Вода, которая была у них с собой, кончилась — даже глазом моргнуть не успели, как фляжки у всех оказались пустыми. Керим озабоченно крутил головой:
— Это моя вина, господин.
— Ты не виноват, Керим, — успокаивающе произносил капитан.
— Что такое пустыня, я знаю, — голос Керима делался горестным, — я должен был всё предусмотреть. Пустыня, она ведь водит человека, будто колдунья, по барханам, иногда заставляет его часами крутиться вокруг одного и того же бархана, выдавливает из него последние силы, выжаривает тело — в человеке не остаётся ни капли влаги, даже кровь, и та становится сухой, жара выпаривает из черепа мозги... Пустыня может до смерти заводить любого...
Речи у Керима были долгими, от расстройства у него даже подрагивали губы, а под глазами, как у кобры, высветливались «очки».
Корнилов слушал Керима не перебивая, потом, когда тот умолкал, произносил глуховатым бесстрастным голосом:
— Я тоже виноват в том, что произошло, Керим.
Во время одного из таких разговоров Керим уселся на песок, качнулся по-змеиному в одну сторону, потом в другую, замер, снова качнулся. Послышалась заунывная длинная песня, мелодия её была непонятна, она ускользала, слух не мог зацепить её целиком, у этой мелодии, казалось, не было ни начала, ни конца, не было и продолжения, вот ведь как. Корнилов никогда не слышал этой колдовской песни и тихонько отошёл от Керима в сторону — не хотел мешать ему.
Мамат тоже отошёл, нырнул за бархан и словно пропал.
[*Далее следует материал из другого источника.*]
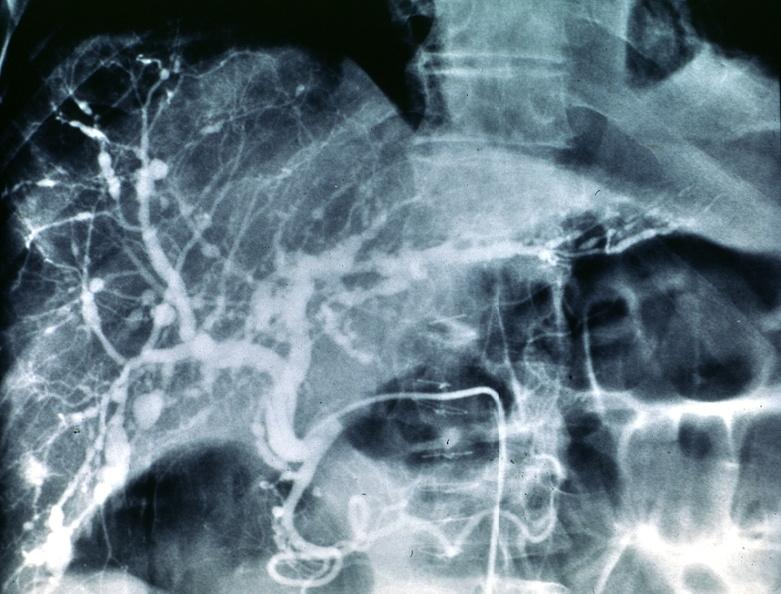what does this image show?
Answer the question using a single word or phrase. Polyarteritis nodosa 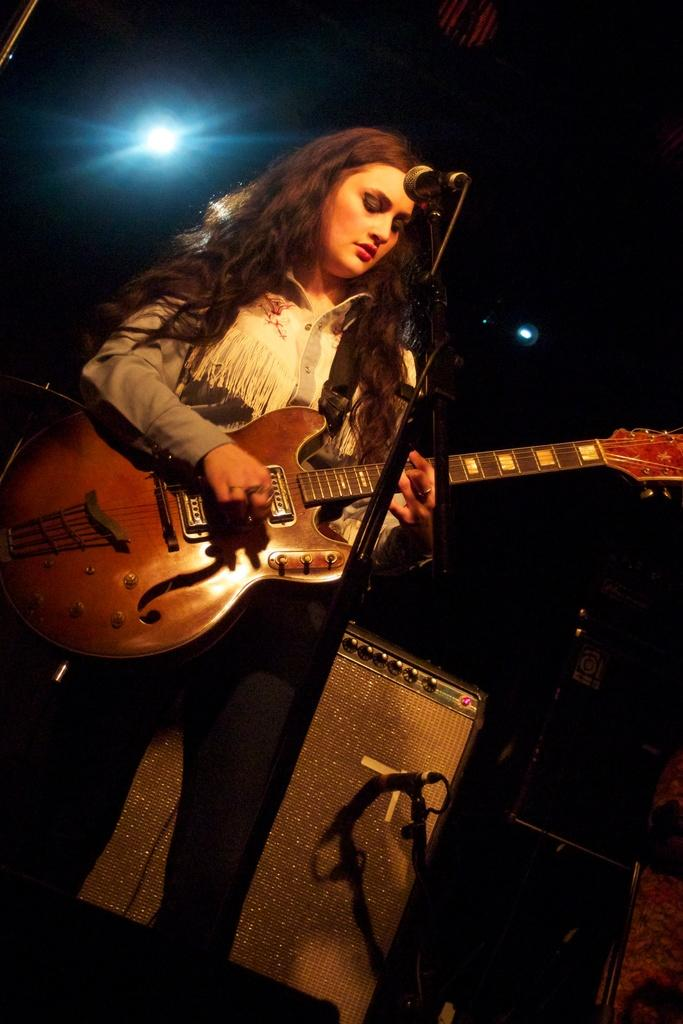Who is the main subject in the image? There is a lady in the image. What is the lady holding in the image? The lady is holding a guitar. What is the lady doing with the guitar? The lady is playing the guitar. What is in front of the lady? There is a microphone in front of the lady. What can be seen behind the lady? There are musical instruments behind the lady. What can be seen in the image that provides light? There is a light visible in the image. How does the lady's digestion process affect the sound of the guitar in the image? The lady's digestion process is not visible or relevant in the image, so it cannot affect the sound of the guitar. 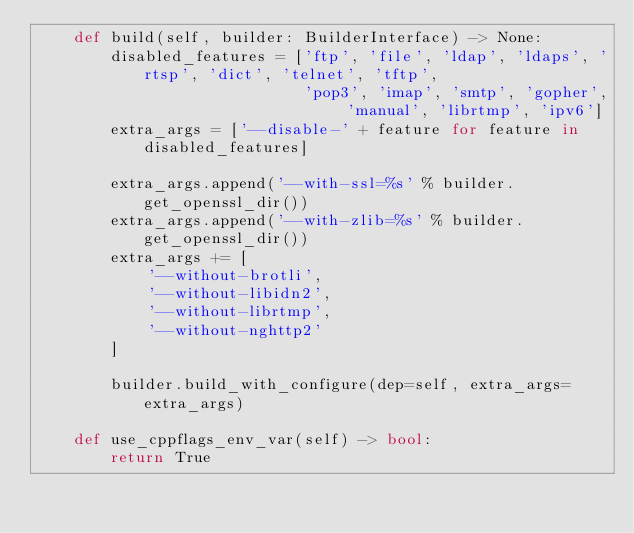<code> <loc_0><loc_0><loc_500><loc_500><_Python_>    def build(self, builder: BuilderInterface) -> None:
        disabled_features = ['ftp', 'file', 'ldap', 'ldaps', 'rtsp', 'dict', 'telnet', 'tftp',
                             'pop3', 'imap', 'smtp', 'gopher', 'manual', 'librtmp', 'ipv6']
        extra_args = ['--disable-' + feature for feature in disabled_features]

        extra_args.append('--with-ssl=%s' % builder.get_openssl_dir())
        extra_args.append('--with-zlib=%s' % builder.get_openssl_dir())
        extra_args += [
            '--without-brotli',
            '--without-libidn2',
            '--without-librtmp',
            '--without-nghttp2'
        ]

        builder.build_with_configure(dep=self, extra_args=extra_args)

    def use_cppflags_env_var(self) -> bool:
        return True
</code> 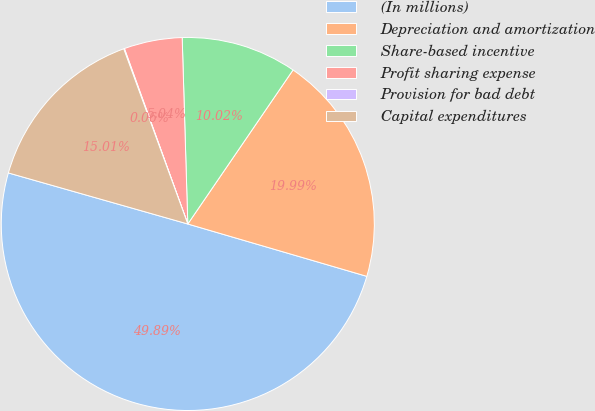Convert chart to OTSL. <chart><loc_0><loc_0><loc_500><loc_500><pie_chart><fcel>(In millions)<fcel>Depreciation and amortization<fcel>Share-based incentive<fcel>Profit sharing expense<fcel>Provision for bad debt<fcel>Capital expenditures<nl><fcel>49.89%<fcel>19.99%<fcel>10.02%<fcel>5.04%<fcel>0.06%<fcel>15.01%<nl></chart>

Корнилов сел на песок. У самых его ног был виден длинный струящийся след, будто прополз гигантский червяк, переместился из одной норы в другую, в некоторых местах червяк спетливался, оставлял в песке выдавлины, отталкивался от тверди и делал швырок вперёд. Корнилов измерил пальцами след.
Это был след змеи. Проползла гадина крупная, толстая, не менее метра длинной, сильная. Самая опасная змея в здешних местах — гюрза. Очень подлая, налетает внезапно, зубы у неё сильные, легко прокусывают сапог. Солдаты из корпуса пограничной стражи весной на сапоги натягивают войлочные чуни. Вот войлок змея не берёт — не научилась ещё брать.